What is needed: Keep the wording of each record exactly the same when you repeat it, and leave out pictures.

Stored data:
=== Section Start ===

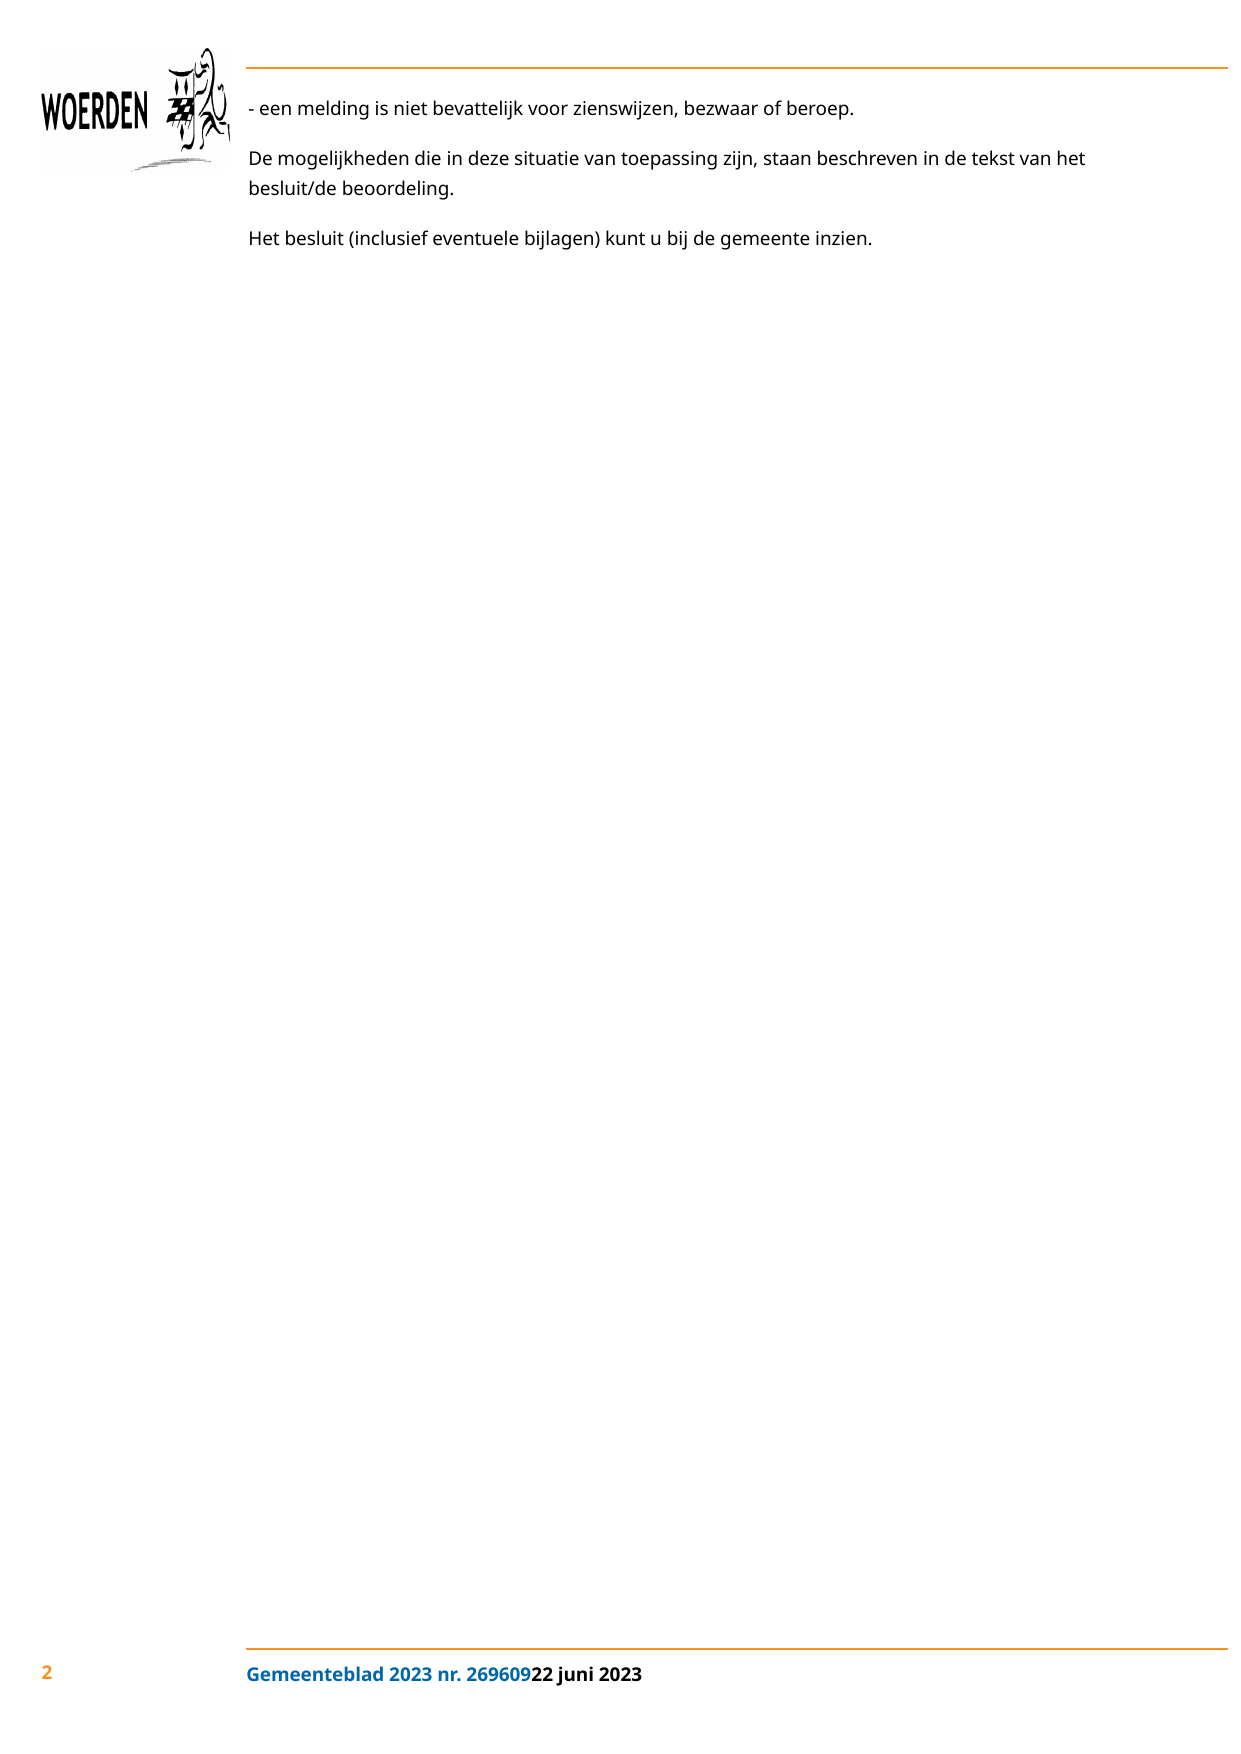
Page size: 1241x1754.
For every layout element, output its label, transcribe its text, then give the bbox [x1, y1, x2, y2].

text De mogelijkheden die in deze situatie van toepassing zijn, staan beschreven in de tekst van het besluit/de beoordeling. [248, 145, 1152, 201]
text - een melding is niet bevattelijk voor zienswijzen, bezwaar of beroep. [248, 95, 1152, 121]
text Het besluit (inclusief eventuele bijlagen) kunt u bij de gemeente inzien. [248, 225, 1152, 251]
picture [41, 47, 231, 172]
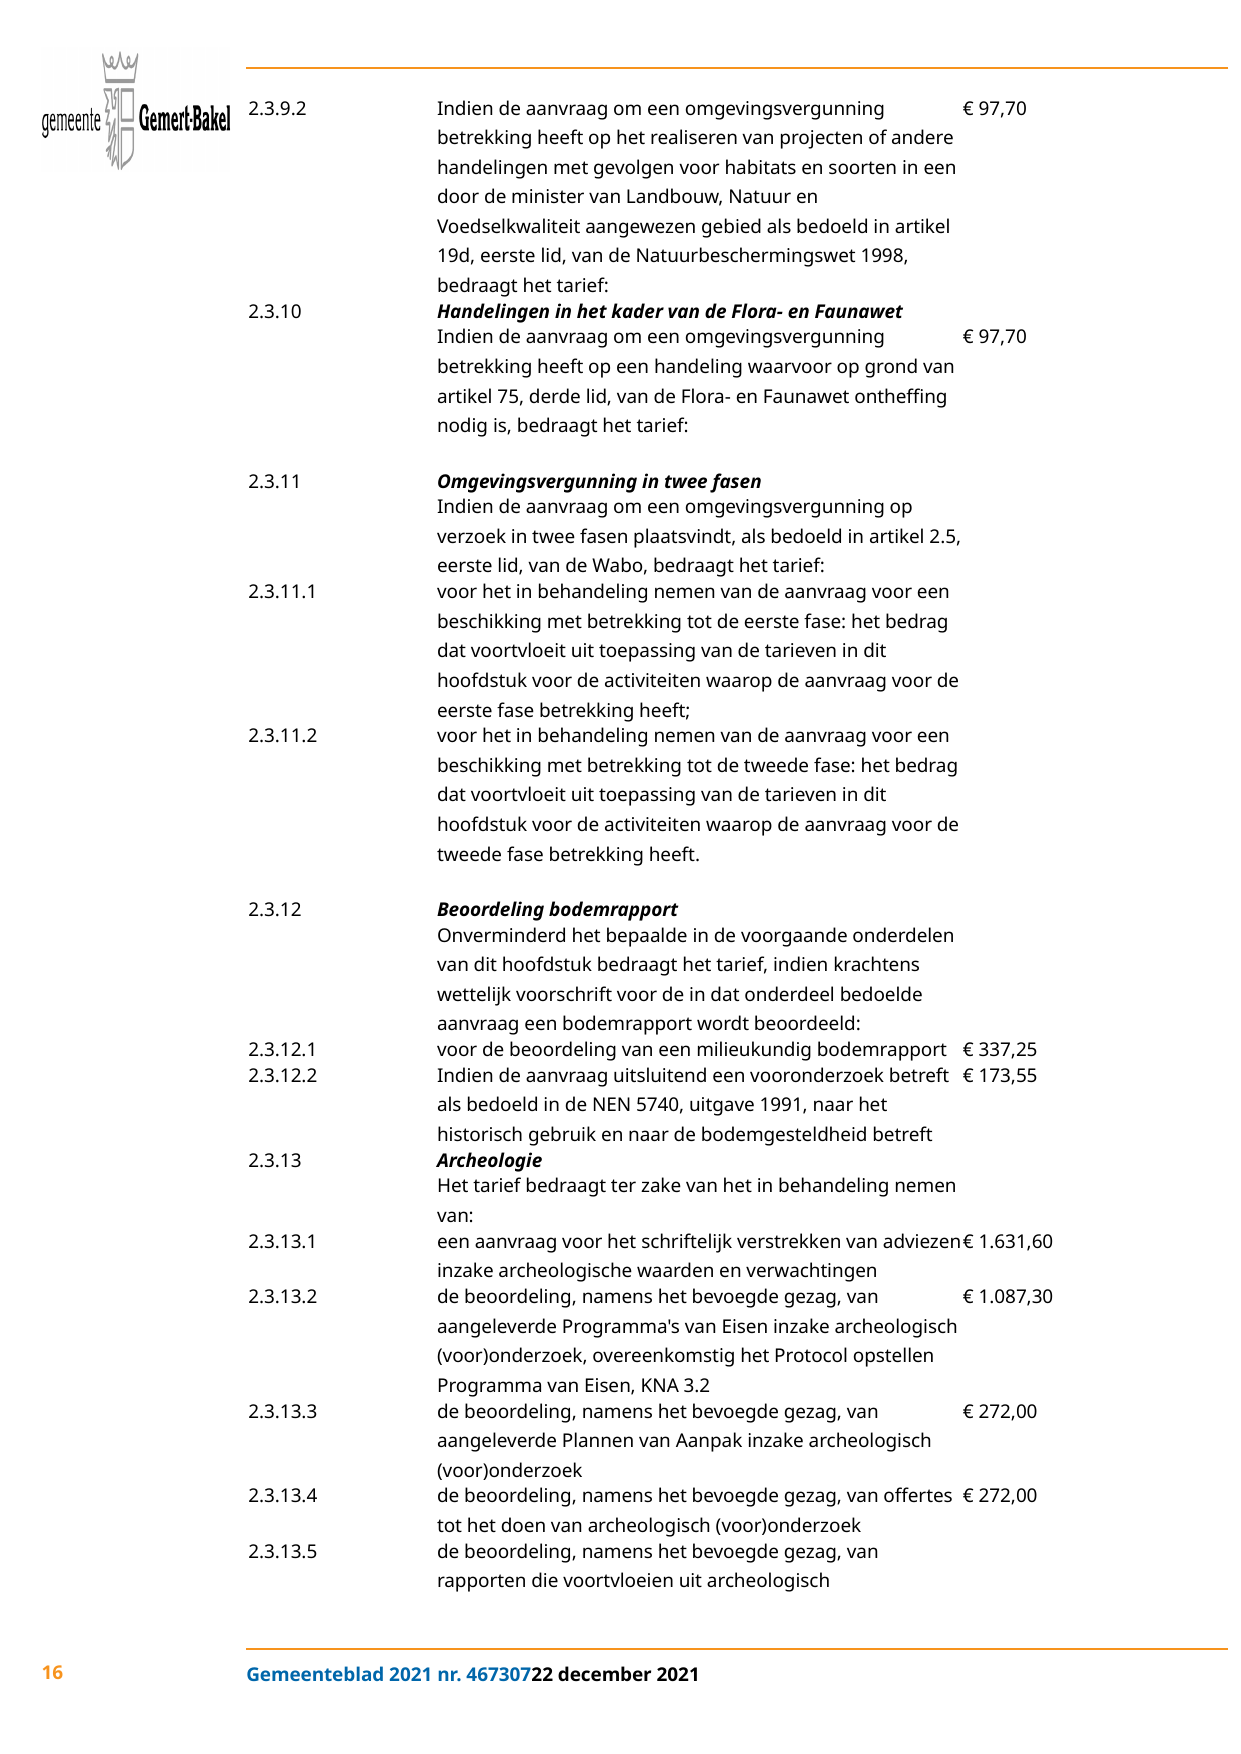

=== Section End ===

Solved problem:
Page size: 1241x1754.
For every layout element, output its label, transcribe its text, then give the bbox [x1, y1, x2, y2].

text De mogelijkheden die in deze situatie van toepassing zijn, staan beschreven in de tekst van het besluit/de beoordeling. [248, 145, 1152, 201]
text - een melding is niet bevattelijk voor zienswijzen, bezwaar of beroep. [248, 95, 1152, 121]
text Het besluit (inclusief eventuele bijlagen) kunt u bij de gemeente inzien. [248, 225, 1152, 251]
picture [41, 47, 231, 172]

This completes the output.